We're pleased to announce that we have launched a new smartphone view on the site, in addition to the recently added mobile view in the last upgrade. This version has been designed to have a cleaner look, to fit really nicely into mobile (iPhone, Android) browsers, and unlike most normal web based skins will also include features that are normally reserved for desktop or phone applications. We built this as we realize you all spend more time today on your phones on the forum than you did 2 years ago, and we want to get the mobile view to a place where you can do everything (and more!) that you can do on desktop.

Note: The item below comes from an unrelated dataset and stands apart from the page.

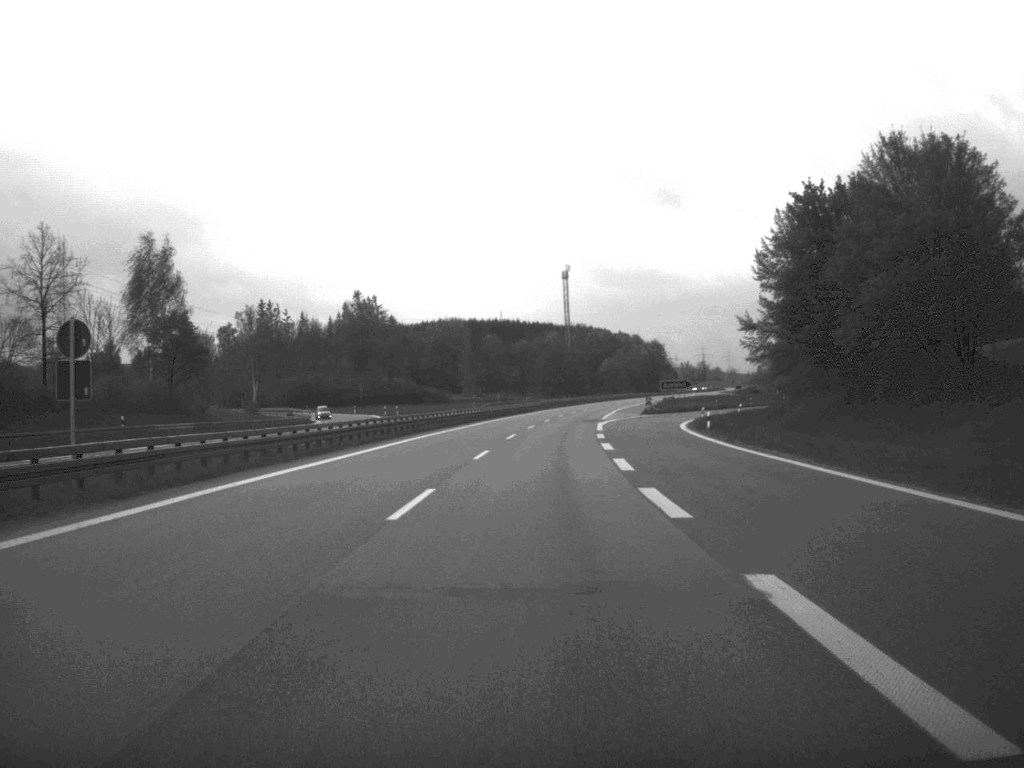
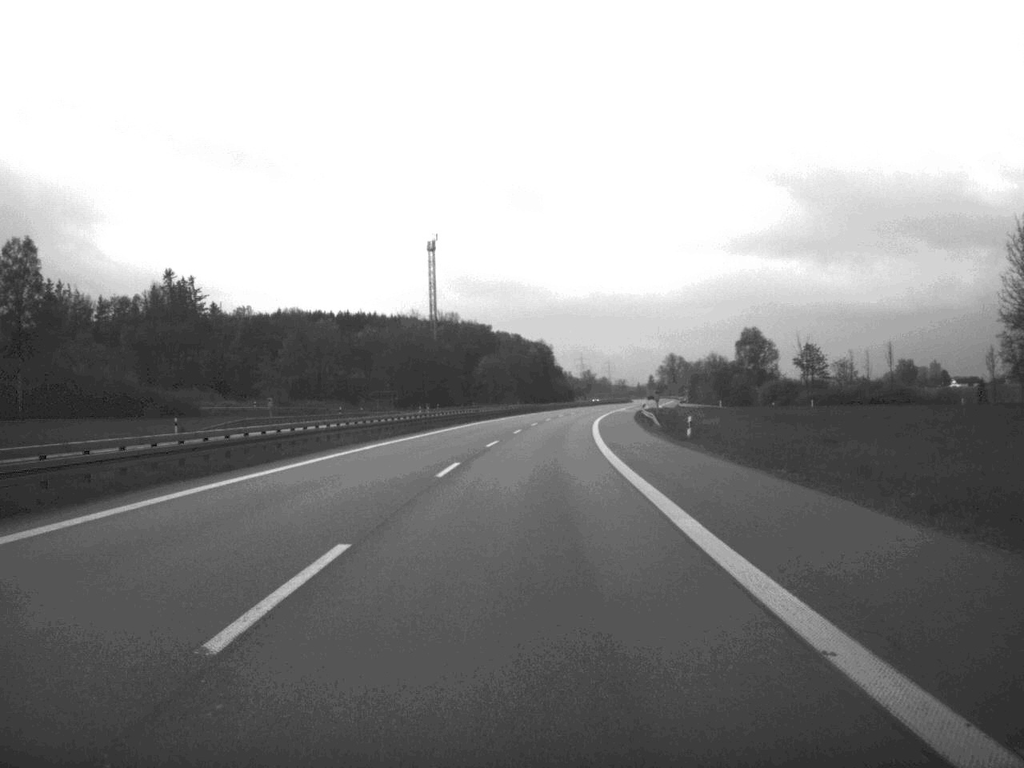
(+5.5, +115.0) m; +6°
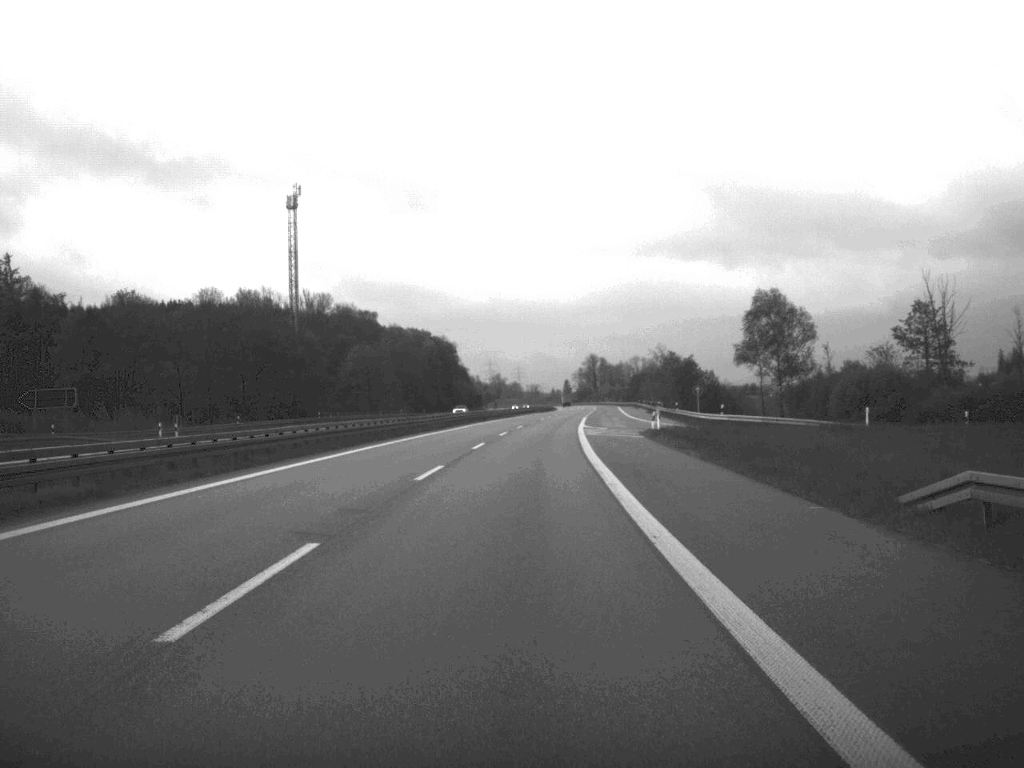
(+3.2, +87.7) m; +4°
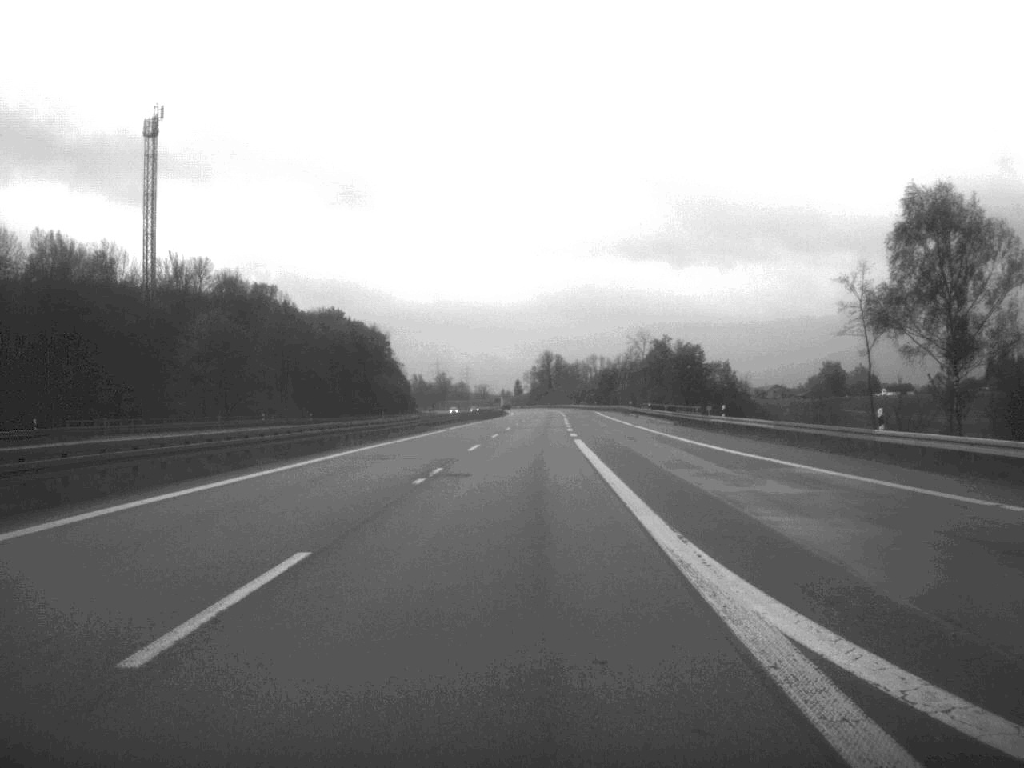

A few notes as I know many of you may have questions:

* This does not replace the free or paid in-apps that you have, such as any mobile apps. This is web-only.
* This new skin will only show when you access the site from a modern (Android 4+, iPhone) phone. It will not show for older phones or for tablets, blackberries or windows phones.
* Please give us some time as we work through bugs. Give it a try, give us feedback in our mobile thread url, and give it a chance. Every change needs time to get used to!​

​
If you visit the site from your mobile phone, you'll get the new view automatically. You can login, post, reply, upload photos, view your private messages and more. You can also use the legacy mobile view by choosing the top left menu and Exit Enhanced Mobile Mode.

The feedback thread for any bugs, etc, please post below.

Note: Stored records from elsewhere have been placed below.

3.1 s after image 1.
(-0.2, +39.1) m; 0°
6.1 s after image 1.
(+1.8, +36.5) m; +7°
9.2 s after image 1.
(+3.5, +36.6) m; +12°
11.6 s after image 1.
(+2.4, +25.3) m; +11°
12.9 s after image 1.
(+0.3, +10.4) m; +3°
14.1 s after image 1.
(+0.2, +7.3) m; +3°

***Please let use know the device, software version, and browser being used if reporting any issues.*

Thanks!

=====================================================================================================================================

*UPDATE*

Hello everyone, 

We’re excited to announce that additional features has been added and improvements were made to the enhanced mobile view. 
Thanks to the feedback that everyone has provided, we were able to tailor the mobile view to better fit forum members’ needs and fix a few bugs along the way.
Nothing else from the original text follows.